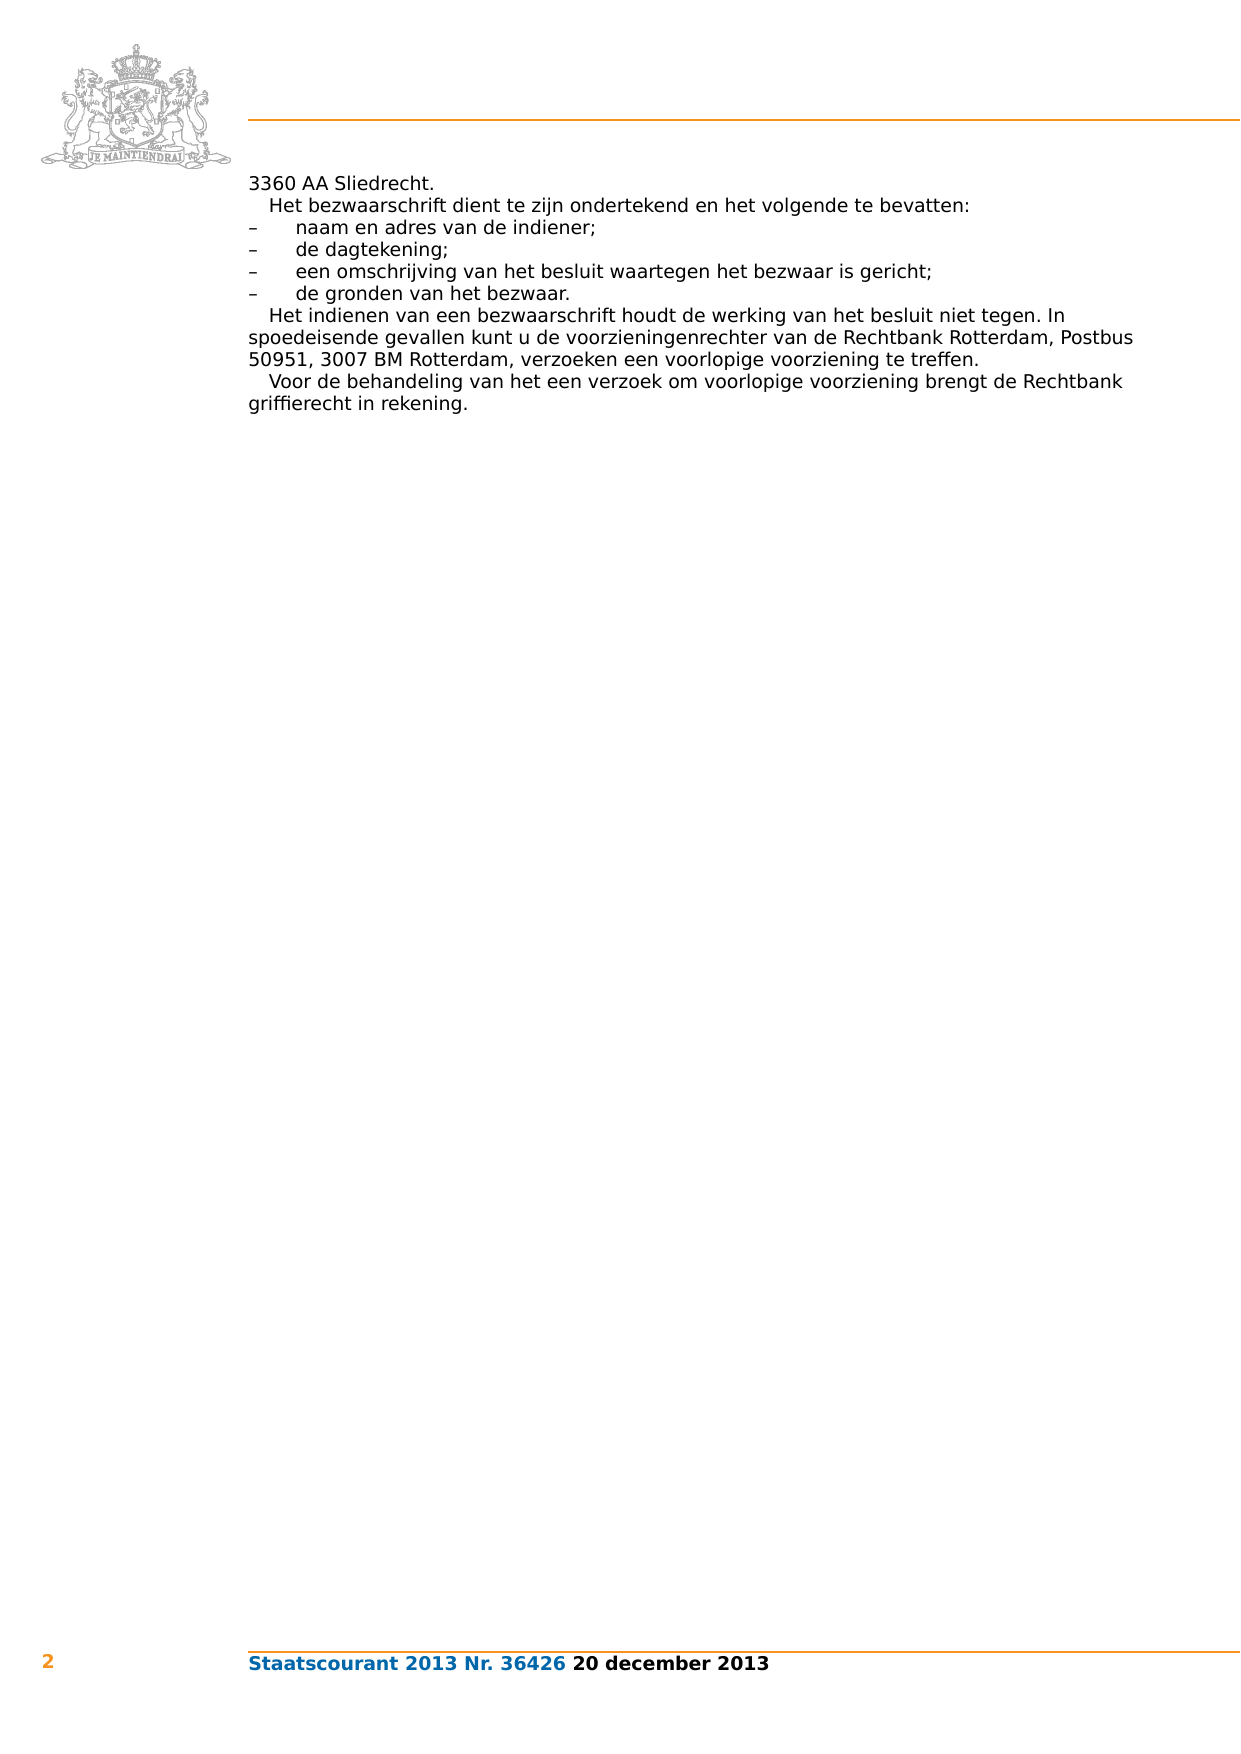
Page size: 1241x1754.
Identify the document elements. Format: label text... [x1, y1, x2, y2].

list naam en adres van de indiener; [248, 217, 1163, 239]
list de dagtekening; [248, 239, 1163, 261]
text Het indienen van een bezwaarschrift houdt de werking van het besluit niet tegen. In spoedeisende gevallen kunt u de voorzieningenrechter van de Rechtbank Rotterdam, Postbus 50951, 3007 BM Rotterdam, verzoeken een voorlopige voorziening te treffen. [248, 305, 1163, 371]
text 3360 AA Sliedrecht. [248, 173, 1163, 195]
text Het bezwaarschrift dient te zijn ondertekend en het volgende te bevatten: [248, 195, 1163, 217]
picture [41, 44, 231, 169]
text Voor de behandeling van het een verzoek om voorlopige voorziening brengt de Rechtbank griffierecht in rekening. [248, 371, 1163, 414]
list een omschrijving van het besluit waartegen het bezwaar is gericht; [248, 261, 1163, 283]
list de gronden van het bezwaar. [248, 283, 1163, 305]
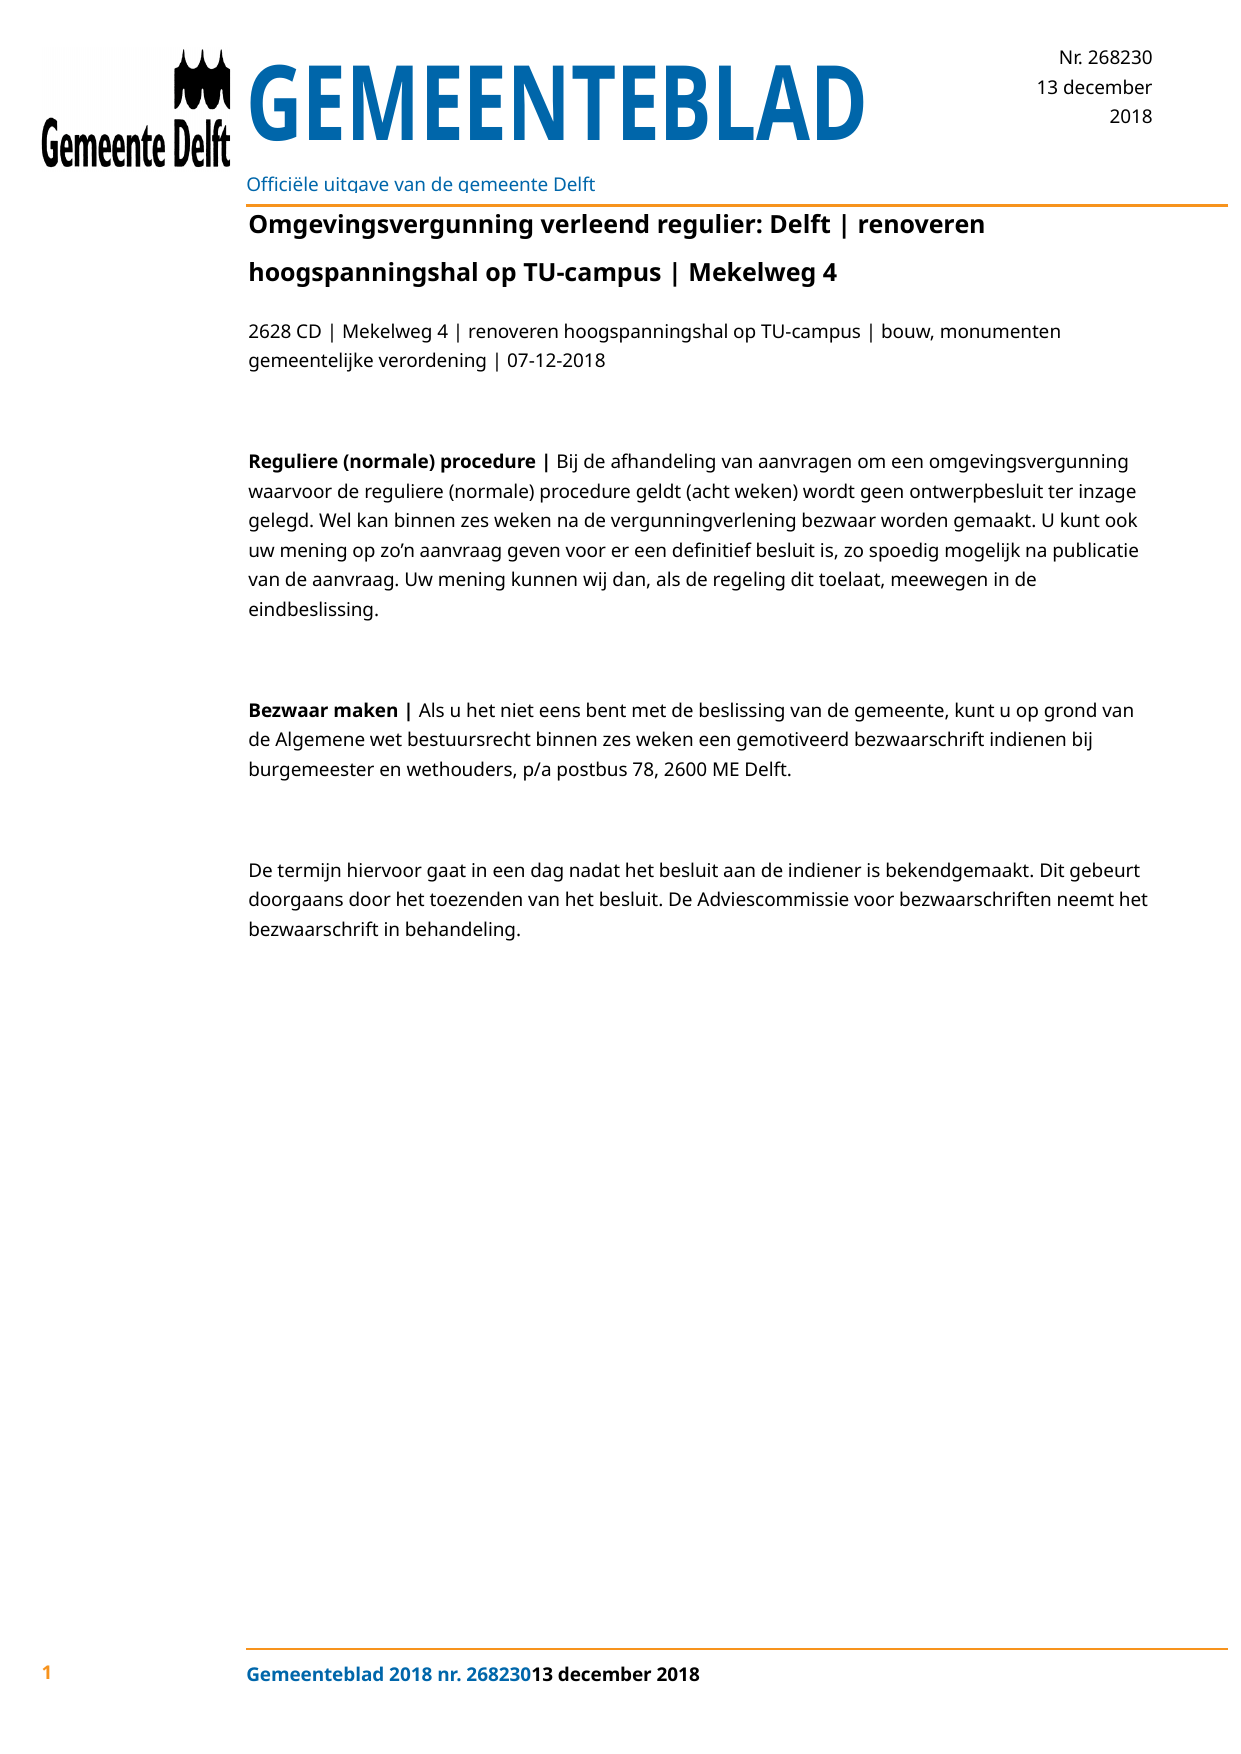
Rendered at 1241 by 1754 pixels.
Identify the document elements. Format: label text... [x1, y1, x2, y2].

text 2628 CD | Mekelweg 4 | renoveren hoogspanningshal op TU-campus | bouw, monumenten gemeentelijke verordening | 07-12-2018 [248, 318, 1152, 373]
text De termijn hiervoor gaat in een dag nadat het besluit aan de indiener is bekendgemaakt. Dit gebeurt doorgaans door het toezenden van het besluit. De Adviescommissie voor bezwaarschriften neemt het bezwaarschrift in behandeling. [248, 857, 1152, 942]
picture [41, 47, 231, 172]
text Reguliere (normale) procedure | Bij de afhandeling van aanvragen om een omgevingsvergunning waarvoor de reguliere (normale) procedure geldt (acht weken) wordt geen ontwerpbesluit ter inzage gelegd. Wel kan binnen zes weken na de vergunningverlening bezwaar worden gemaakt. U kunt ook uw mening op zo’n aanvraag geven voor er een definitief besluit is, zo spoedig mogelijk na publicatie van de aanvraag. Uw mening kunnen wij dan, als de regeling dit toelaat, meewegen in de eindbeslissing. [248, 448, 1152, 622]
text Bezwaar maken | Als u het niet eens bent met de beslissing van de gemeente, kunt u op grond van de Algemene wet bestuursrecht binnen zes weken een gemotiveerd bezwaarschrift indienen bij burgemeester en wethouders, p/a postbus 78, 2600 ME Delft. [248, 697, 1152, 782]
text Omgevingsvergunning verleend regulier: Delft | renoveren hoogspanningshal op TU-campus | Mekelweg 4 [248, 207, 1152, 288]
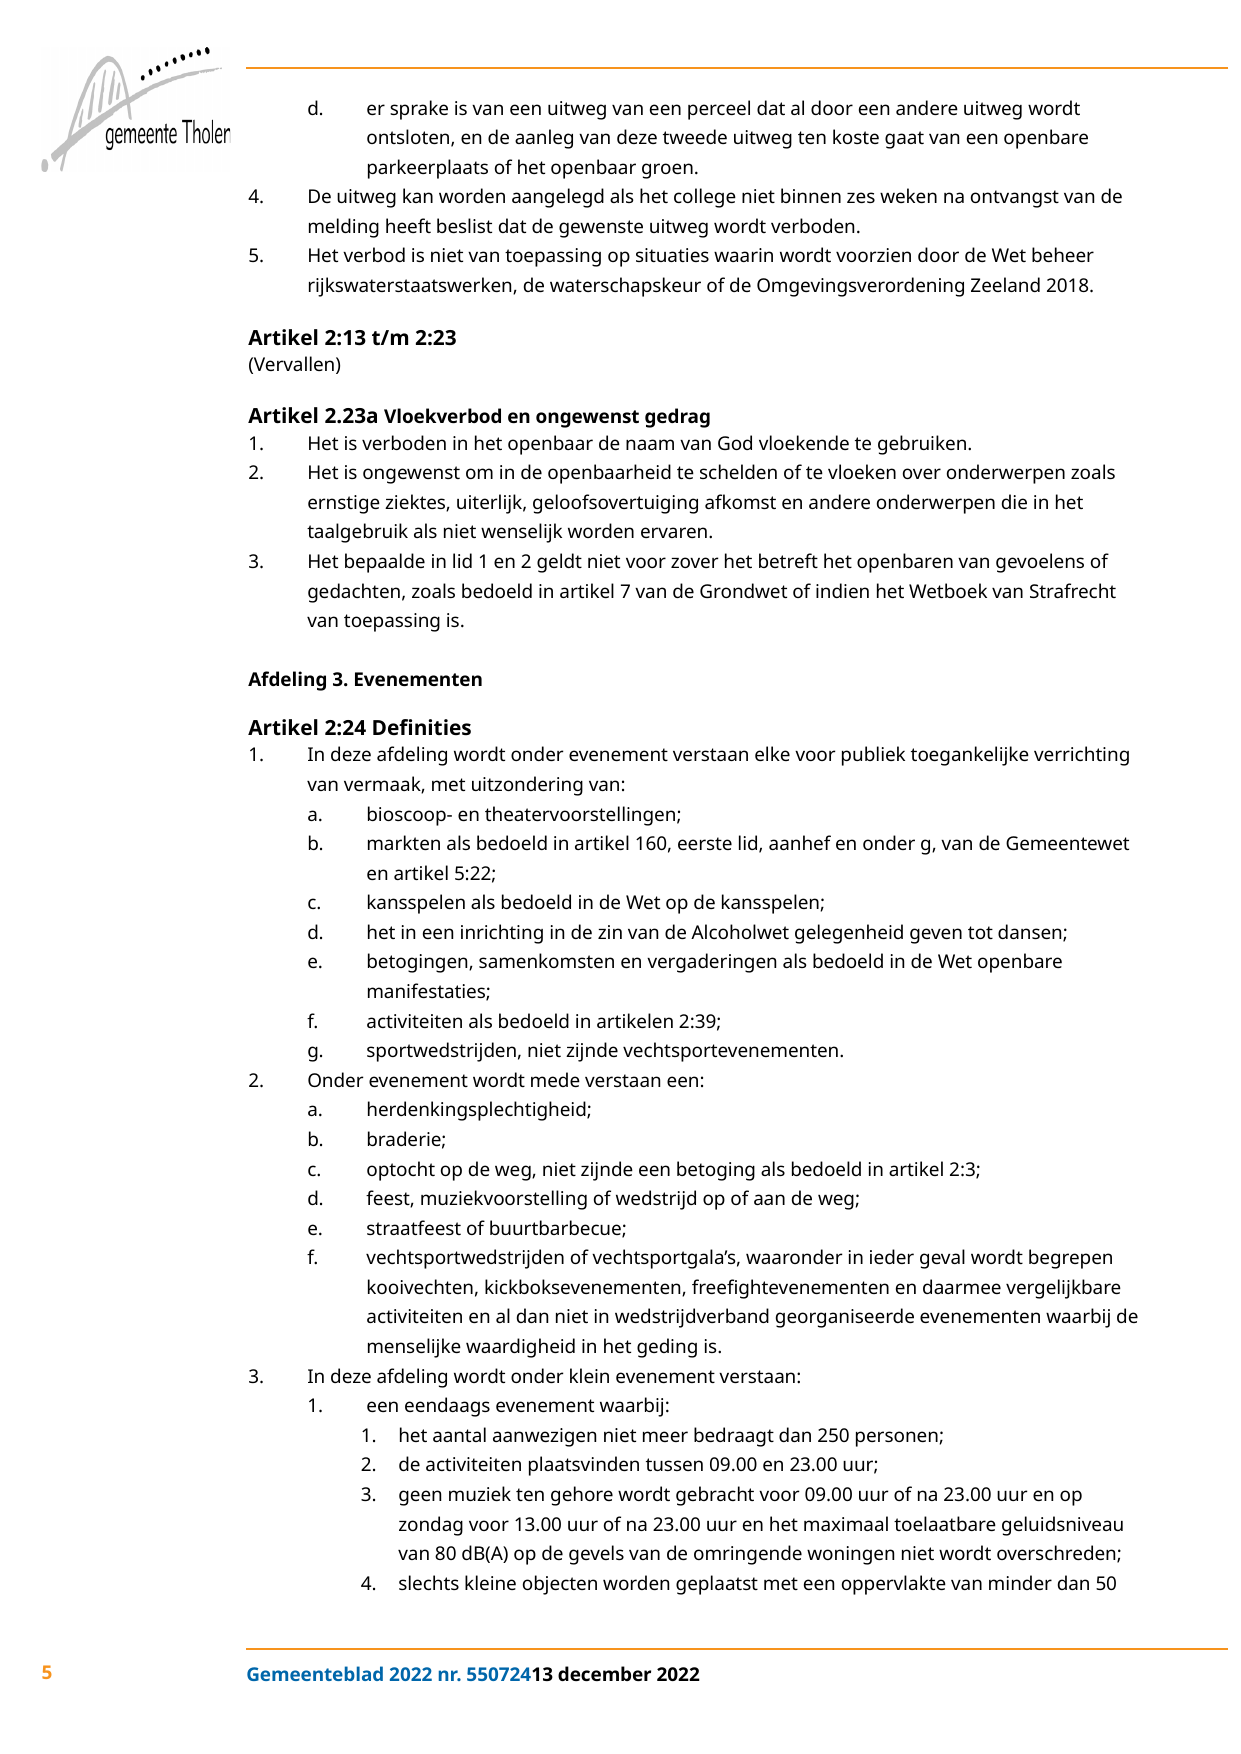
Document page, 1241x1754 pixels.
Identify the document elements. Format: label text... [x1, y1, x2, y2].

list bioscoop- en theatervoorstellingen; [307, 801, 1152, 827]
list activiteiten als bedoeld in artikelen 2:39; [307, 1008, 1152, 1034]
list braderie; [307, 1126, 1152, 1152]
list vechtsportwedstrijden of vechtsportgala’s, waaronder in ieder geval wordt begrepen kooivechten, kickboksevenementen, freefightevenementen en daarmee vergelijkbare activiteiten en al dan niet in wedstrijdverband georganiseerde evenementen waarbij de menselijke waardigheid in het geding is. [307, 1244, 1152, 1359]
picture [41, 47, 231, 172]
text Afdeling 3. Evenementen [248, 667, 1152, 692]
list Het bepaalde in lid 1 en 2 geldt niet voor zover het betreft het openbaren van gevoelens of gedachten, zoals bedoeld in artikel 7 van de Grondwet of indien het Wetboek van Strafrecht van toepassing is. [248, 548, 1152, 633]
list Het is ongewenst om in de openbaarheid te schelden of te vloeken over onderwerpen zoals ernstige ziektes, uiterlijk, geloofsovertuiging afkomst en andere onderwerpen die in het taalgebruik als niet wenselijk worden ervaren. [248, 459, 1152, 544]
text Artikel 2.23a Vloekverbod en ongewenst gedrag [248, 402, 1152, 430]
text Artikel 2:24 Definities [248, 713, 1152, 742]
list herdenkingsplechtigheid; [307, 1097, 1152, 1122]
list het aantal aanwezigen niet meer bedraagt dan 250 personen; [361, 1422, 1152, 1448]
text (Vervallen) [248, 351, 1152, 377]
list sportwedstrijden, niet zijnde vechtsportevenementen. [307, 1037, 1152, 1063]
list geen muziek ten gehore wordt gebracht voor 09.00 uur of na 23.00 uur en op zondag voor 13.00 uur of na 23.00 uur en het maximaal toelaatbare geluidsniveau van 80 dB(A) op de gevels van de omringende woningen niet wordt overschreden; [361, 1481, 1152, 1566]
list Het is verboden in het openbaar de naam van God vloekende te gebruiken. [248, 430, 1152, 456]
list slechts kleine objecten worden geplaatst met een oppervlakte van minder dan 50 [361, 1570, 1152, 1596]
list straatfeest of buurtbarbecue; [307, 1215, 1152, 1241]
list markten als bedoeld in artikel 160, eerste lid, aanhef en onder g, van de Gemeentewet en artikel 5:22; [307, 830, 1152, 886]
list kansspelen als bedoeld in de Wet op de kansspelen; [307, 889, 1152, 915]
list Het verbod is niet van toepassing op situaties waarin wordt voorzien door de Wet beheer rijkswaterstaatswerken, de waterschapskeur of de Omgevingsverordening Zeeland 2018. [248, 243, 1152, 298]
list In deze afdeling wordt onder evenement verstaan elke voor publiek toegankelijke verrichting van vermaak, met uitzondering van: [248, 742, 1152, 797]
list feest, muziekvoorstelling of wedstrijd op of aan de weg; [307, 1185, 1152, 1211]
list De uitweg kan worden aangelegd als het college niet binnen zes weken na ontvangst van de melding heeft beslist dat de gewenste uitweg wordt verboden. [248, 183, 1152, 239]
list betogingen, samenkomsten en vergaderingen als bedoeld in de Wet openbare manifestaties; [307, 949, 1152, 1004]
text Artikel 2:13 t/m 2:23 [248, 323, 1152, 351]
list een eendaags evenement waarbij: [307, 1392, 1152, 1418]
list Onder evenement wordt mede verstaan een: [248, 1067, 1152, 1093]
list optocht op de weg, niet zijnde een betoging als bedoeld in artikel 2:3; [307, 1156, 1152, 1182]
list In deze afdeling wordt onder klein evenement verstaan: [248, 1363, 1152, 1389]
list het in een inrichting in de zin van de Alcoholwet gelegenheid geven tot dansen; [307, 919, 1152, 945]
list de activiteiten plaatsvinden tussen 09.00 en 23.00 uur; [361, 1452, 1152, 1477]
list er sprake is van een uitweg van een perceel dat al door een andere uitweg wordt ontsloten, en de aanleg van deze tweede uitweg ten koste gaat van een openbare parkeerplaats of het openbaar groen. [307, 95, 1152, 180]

------------------------------------

● **Requirement**:
Reproduce the final stretch of the data above: every line from the one holding "text Artikel 2:13" through the end, inclusive, exactly as written and nothing else.

● **Reply to the task**:
text Artikel 2:13 t/m 2:23 [248, 323, 1152, 351]
list een eendaags evenement waarbij: [307, 1392, 1152, 1418]
list Onder evenement wordt mede verstaan een: [248, 1067, 1152, 1093]
list optocht op de weg, niet zijnde een betoging als bedoeld in artikel 2:3; [307, 1156, 1152, 1182]
list In deze afdeling wordt onder klein evenement verstaan: [248, 1363, 1152, 1389]
list het in een inrichting in de zin van de Alcoholwet gelegenheid geven tot dansen; [307, 919, 1152, 945]
list de activiteiten plaatsvinden tussen 09.00 en 23.00 uur; [361, 1452, 1152, 1477]
list er sprake is van een uitweg van een perceel dat al door een andere uitweg wordt ontsloten, en de aanleg van deze tweede uitweg ten koste gaat van een openbare parkeerplaats of het openbaar groen. [307, 95, 1152, 180]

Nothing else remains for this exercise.